Leicht kann angesichts dieser Zahlen der Eindruck entstehen, dass damit quasi automatisch der Anteil von Personen ansteigt, die Hilfen bei der Verrichtung alltäglicher Dinge beanspruchen (Deutsches Ärzteblatt 2005). Wenn diese Entwicklung automatisch so eintreten würde, hätte das Folgen für die Nachfrage nach Pflegeleistungen (SVR 2005: 477 f.; Wilkoszewski 2004: 3). Denkbar ist jedoch auch, dass geeignete Maßnahmen auf dem Gebiet der Prävention die Altersgrenze für den Eintritt in die Pflegebedürftigkeit deutlich nach hinten verschieben würden. So hat beispielsweise eine Analyse des Max-Planck-Instituts gezeigt, dass die Alterung der Bevölkerung nicht automatisch mit einem Anstieg der pflegebedürftigen Personen einhergehen muss – nämlich dann nicht, wenn das Gesundheitsbewusstsein steigt (Ziegler und Doblhammer 2005: 1).
Zwei Millionen Menschen galten schon im Jahr 2001 als pflegebedürftig. Davon wurden rund 1,4 Millionen (70 Prozent) von Angehörigen gepflegt, davon eine Million ausschließlich durch Angehörige allein und etwa 400 000 zusätzlich durch Pflegedienste. In Heimen werden 600 000 Menschen gepflegt (Deutsches Institut für angewandte Pflegeforschung 2004: 1). Die hohe Zahl pflegebedürftiger Menschen belastet die Pflegeversicherung, der ab dem Jahr 2006 eine Unterdeckung droht. Experten fordern bereits jetzt eine Reform der Pflegeversicherung (SVR 2005: 428).
Aktuell ist davon auszugehen, dass die Zahl der Pflegebedürftigen in den nächsten Jahrzehnten bedingt durch die
• demographische Entwicklung,
• Zunahme von Multimorbidität und die
• Steigerung gerontopsychiatrischer Erkrankungen ansteigen wird.

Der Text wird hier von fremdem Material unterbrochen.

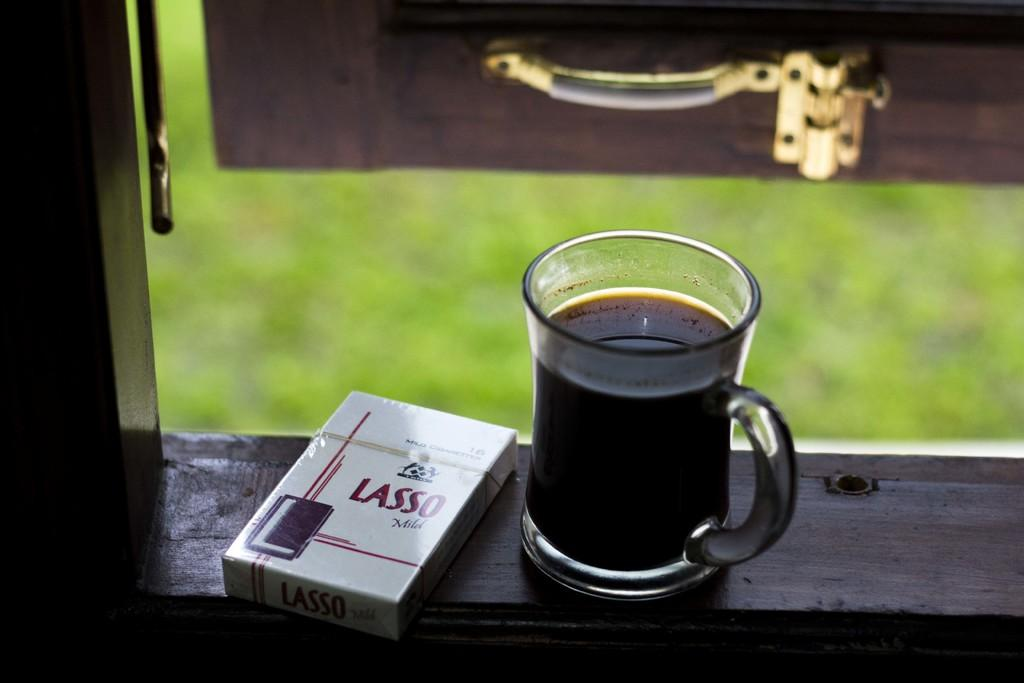What is in the cup that is visible in the image? There is a drink in the cup that is visible in the image. What is located beside the cup? There is a box beside the cup. Where are the cup and the box placed? Both the cup and the box are placed on a wooden platform. What type of vegetation can be seen in the background of the image? There is grass visible in the background of the image. What can be seen in the background of the image that is not vegetation? There is a handle in the background of the image. What type of cushion is being used by the group in the image? There is no group or cushion present in the image.

Als Folge davon wird sich die Nachfrage nach speziellem Pflege-Know-how erhöhen. Schon jetzt werden Forderungen nach geeigneten präventiven Maßnahmen laut. Die Prävention soll dabei so gestaltet sein, dass sich die Grenze für den Eintritt in die Pflegebedürftigkeit auf ein höheres Lebensalter verschiebt.

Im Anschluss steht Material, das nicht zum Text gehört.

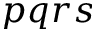<formula> <loc_0><loc_0><loc_500><loc_500>p q r s</formula>

Veränderte gesellschaftliche Rahmenbedingungen wie die Zunahme von Single-Haushalten, veränderte Familienstrukturen, stärkere Frauenerwerbstätigkeit und erhöhte Anforderungen an die Mobilität der Erwerbstätigen bestimmen die Ausgangslage. Es entfallen Potenziale für Pflege durch Angehörige im häuslichen Kontext. Ein weiterer Grund für die Zunahme der Pflegebedürftigkeit wird auch in den sinkenden Aufenthaltsdauern im Krankenhaus gesehen. Die Anforderungen an diese neue Form der Krankenhausnachsorge stehen in engem Verhältnis zur geänderten Finanzierungssystematik im Krankenhaussektor und werden als so genannter DRG-Effekt (DRG: »diagnosisrelaterd group«) beschrieben.
Wer heutzutage über Pflege und die eigene Pflegebedürftigkeit nachdenkt, sieht sich mit zwei Grundmodellen konfrontiert: der Pflege durch Angehörige, der so genannten Laienpflege (oft auch ehrenamtlichen Pflege) und der Pflege und Betreuung durch professionelle Pflegekräfte. Die Pflegeversicherung wollte die Laienpflege durch Angehörige (Familienmitglieder, Nachbarn) stärken. Dies gilt vor allem, wenn der Pflegebedürftige allein lebt. Laienpflege ermöglicht den Verbleib in häuslicher Umgebung (sowohl für den Gepflegten als auch für die Pflegenden). Pflegebedürftige brauchen vor allem, wenn sie in ihrer häuslichen Umgebung bleiben, ausreichende und qualifizierte Pflege und Unterstützung. Als Leistungserbringer kommen in der ambulanten professionellen Pflege die freigemeinnützigen Dienste und Sozialstationen und die häuslichen Pflegedienste in Frage.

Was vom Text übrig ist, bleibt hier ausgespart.